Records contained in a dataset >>

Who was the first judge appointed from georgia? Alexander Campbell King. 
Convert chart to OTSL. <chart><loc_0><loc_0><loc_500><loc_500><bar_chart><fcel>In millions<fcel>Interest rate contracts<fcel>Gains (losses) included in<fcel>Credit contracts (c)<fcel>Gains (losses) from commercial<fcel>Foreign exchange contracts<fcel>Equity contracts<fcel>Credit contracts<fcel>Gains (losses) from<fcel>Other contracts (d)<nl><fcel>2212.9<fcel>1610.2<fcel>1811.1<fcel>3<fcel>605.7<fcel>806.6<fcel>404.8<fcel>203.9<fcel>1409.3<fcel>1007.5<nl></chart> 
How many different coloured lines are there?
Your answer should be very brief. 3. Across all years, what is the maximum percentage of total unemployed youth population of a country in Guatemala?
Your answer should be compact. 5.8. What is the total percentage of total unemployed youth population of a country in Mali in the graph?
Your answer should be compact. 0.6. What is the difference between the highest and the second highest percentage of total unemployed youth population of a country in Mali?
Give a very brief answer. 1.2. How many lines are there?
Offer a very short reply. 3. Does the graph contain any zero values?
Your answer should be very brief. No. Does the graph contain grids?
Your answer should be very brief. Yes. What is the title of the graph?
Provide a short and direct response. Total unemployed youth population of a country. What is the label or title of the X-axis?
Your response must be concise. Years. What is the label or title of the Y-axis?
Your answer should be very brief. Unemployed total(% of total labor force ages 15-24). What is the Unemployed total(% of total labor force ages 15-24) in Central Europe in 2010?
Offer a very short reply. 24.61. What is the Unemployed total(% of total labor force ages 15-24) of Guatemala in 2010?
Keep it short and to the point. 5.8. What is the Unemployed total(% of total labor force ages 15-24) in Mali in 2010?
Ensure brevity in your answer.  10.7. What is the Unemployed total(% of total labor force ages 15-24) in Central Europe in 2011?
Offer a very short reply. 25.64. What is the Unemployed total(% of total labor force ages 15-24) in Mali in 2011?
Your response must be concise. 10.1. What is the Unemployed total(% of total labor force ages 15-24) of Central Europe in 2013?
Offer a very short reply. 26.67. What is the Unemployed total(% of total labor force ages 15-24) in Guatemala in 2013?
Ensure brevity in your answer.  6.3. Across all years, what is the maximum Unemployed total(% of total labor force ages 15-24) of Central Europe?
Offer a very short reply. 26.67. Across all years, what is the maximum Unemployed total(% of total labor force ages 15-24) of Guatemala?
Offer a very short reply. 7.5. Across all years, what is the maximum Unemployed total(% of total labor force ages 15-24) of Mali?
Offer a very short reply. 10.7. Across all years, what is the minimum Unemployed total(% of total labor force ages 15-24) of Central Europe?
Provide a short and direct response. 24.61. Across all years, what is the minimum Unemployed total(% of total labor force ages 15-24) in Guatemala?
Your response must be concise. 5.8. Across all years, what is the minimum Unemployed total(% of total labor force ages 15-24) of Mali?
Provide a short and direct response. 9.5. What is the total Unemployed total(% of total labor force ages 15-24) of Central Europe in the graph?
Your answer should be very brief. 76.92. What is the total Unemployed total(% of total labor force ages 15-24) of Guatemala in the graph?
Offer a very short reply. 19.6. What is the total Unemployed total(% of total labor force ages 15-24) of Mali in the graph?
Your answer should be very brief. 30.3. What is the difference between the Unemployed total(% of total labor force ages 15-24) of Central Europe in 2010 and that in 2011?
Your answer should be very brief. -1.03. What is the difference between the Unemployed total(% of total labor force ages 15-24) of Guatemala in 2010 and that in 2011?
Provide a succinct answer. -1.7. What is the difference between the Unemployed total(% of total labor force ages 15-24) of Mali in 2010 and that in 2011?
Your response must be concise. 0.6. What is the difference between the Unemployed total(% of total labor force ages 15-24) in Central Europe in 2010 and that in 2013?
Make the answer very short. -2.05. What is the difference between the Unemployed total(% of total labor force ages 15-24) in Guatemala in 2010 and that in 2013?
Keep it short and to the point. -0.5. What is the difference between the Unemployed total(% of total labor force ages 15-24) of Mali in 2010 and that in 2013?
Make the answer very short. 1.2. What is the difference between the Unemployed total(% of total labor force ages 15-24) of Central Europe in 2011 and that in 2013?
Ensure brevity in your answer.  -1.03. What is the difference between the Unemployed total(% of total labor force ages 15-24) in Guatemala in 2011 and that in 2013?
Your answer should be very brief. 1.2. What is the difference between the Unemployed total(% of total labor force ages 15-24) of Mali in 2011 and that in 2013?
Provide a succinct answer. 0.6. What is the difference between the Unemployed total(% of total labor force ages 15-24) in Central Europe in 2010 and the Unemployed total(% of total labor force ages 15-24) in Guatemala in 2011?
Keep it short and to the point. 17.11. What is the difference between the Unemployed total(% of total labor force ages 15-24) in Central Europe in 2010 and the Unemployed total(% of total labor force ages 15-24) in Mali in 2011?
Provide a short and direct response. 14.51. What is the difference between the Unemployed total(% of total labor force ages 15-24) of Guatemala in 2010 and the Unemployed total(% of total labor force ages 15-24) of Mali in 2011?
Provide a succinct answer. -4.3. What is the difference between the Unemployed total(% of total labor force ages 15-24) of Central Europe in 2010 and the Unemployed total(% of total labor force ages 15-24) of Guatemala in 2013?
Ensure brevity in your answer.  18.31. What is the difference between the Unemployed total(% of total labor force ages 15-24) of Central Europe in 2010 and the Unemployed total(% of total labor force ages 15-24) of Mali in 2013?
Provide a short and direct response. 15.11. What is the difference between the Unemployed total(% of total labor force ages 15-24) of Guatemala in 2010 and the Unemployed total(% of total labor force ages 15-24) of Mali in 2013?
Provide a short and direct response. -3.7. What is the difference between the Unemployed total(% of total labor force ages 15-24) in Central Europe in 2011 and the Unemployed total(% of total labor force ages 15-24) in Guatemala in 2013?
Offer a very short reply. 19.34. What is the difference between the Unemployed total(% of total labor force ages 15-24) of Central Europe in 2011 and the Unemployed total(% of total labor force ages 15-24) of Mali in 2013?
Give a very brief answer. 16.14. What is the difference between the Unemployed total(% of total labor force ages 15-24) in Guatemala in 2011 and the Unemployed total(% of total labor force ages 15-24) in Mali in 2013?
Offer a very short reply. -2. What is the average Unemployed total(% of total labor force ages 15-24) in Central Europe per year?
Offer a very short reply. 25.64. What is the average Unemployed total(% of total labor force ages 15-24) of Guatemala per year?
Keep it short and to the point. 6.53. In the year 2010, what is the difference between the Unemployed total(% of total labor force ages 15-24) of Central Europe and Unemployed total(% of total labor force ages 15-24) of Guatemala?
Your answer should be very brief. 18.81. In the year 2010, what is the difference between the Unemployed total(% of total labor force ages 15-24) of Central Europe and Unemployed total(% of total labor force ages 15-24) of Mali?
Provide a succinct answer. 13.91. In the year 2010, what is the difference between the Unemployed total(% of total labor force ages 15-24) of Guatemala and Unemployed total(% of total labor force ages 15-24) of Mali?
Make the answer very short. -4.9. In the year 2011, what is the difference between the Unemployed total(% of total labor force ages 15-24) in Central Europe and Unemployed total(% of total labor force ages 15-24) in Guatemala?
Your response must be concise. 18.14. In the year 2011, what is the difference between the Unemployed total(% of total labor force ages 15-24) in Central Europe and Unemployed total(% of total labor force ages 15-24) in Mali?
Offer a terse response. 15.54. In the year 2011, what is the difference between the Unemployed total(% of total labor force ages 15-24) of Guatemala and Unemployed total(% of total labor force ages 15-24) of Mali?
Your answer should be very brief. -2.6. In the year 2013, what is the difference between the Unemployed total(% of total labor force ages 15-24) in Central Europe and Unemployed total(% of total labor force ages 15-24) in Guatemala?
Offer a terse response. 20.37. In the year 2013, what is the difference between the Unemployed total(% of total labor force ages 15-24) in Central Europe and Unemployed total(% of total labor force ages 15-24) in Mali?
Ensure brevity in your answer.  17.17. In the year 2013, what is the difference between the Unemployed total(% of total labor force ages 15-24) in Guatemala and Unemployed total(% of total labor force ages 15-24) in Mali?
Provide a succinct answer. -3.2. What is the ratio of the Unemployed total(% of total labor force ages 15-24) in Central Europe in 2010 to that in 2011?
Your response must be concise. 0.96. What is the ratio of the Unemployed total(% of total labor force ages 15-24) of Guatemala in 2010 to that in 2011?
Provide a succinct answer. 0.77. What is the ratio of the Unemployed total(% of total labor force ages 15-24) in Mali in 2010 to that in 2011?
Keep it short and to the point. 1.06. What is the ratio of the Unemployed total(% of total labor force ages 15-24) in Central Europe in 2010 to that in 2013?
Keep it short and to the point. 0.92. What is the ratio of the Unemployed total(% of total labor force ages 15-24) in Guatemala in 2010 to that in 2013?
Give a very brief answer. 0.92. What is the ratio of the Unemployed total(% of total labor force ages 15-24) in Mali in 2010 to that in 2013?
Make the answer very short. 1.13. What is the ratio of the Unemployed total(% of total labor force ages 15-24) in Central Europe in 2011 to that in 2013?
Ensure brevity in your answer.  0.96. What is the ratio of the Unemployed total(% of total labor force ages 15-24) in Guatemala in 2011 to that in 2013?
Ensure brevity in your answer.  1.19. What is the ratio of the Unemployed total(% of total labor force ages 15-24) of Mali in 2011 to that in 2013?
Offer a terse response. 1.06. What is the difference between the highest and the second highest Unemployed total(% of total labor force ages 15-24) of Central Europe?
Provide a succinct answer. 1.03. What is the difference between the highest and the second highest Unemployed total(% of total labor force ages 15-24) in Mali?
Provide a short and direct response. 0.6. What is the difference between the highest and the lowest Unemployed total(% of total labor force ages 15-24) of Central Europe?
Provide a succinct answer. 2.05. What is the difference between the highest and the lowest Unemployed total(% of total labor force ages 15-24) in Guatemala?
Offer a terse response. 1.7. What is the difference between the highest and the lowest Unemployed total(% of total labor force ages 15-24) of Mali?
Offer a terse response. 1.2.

Problem to work on >>
Reproduce exactly the lines above from the line with "How many different coloured lines are there?" to the line with "Your answer should be very brief. No.", including both, and add nothing.

Task response >>
How many different coloured lines are there?
Your answer should be very brief. 3. Across all years, what is the maximum percentage of total unemployed youth population of a country in Guatemala?
Your answer should be compact. 5.8. What is the total percentage of total unemployed youth population of a country in Mali in the graph?
Your answer should be compact. 0.6. What is the difference between the highest and the second highest percentage of total unemployed youth population of a country in Mali?
Give a very brief answer. 1.2. How many lines are there?
Offer a very short reply. 3. Does the graph contain any zero values?
Your answer should be very brief. No. Does the graph contain grids?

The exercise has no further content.